Apart from increasing healthcare access, these different types of subscriptions create a more economical, reliable and sustainable solution for both patients and doctors in the long run.


The road ahead...

It’s time for the healthcare industry to take the plunge and make subscriptions the default model rather than the exception. When you think of the healthcare industry, you tend to think of curative healthcare. However, a big part of the industry also includes preventive healthcare such as routine check-ups, scans and nutrition, all of which are well suited to the subscription billing model. Many different subscription plans can be offered around preventive medical solutions with built-in incentives to foster healthy living. For instance, UK-based health insurance provider Vitality provides rewards in the form of discounts, cashbacks and freebies for their physically active customers.

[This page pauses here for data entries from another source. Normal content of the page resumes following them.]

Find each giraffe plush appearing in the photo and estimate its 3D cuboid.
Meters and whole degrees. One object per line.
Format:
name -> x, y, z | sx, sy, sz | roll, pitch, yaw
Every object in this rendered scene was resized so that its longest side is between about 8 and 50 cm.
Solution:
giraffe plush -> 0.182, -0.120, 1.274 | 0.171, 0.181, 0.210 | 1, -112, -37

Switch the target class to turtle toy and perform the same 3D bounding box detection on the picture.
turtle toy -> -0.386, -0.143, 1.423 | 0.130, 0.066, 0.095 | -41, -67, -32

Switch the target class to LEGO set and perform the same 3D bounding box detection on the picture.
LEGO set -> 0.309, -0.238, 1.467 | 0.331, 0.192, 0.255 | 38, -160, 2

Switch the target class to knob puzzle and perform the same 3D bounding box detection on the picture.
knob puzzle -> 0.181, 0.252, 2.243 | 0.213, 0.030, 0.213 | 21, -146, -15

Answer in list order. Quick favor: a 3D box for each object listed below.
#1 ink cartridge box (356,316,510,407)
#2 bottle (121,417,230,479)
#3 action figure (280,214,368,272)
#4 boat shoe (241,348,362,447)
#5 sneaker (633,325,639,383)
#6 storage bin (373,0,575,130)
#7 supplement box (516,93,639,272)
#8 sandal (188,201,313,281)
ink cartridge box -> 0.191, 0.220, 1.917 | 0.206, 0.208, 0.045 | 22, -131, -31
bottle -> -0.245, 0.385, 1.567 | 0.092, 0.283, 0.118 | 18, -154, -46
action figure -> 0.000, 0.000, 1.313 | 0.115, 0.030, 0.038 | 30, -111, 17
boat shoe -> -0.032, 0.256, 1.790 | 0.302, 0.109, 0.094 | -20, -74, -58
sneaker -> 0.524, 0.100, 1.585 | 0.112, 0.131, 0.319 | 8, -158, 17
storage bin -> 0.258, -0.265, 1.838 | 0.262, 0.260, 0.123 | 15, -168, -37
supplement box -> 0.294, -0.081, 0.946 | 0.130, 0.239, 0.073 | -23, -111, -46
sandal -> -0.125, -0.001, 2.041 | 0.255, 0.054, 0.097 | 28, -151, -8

Furthermore, the latest medical devices, equipment and support systems can be inaccessible to cash-strapped hospitals when provided on a product/CAPEX basis. By adopting recurring revenue models, industry suppliers can start offering service-based models with monthly subscription fees giving hospitals access to the latest healthcare technology.

A lot of software companies also use the subscription pricing model to offer Software as a Service (SaaS) in the healthcare sector. For example, nFant Labs, a US-based medical device and digital health company, offers a system which monitors and tracks infant feeding patterns through Artificial Intelligence and Machine Learning and sends the data to mobile devices which help the doctors and clinicians to decide on the most appropriate care. Furthermore, healthcare wearables is another front where subscriptions are driving more profits for companies rather than relying on standalone device sales. There are many such use cases where subscription models can easily blend in to ease the cost of healthcare access as well as simplify business processes.

We have always said that subscription models follow a customer-first mindset, and the medical industry is no different. With interest in subscription businesses growing 800% from 2014 to 2017, the time has come for mass adoption of the model in the healthcare sector as well. So, who will become the ‘Netflix’ of medicine? Only time will tell.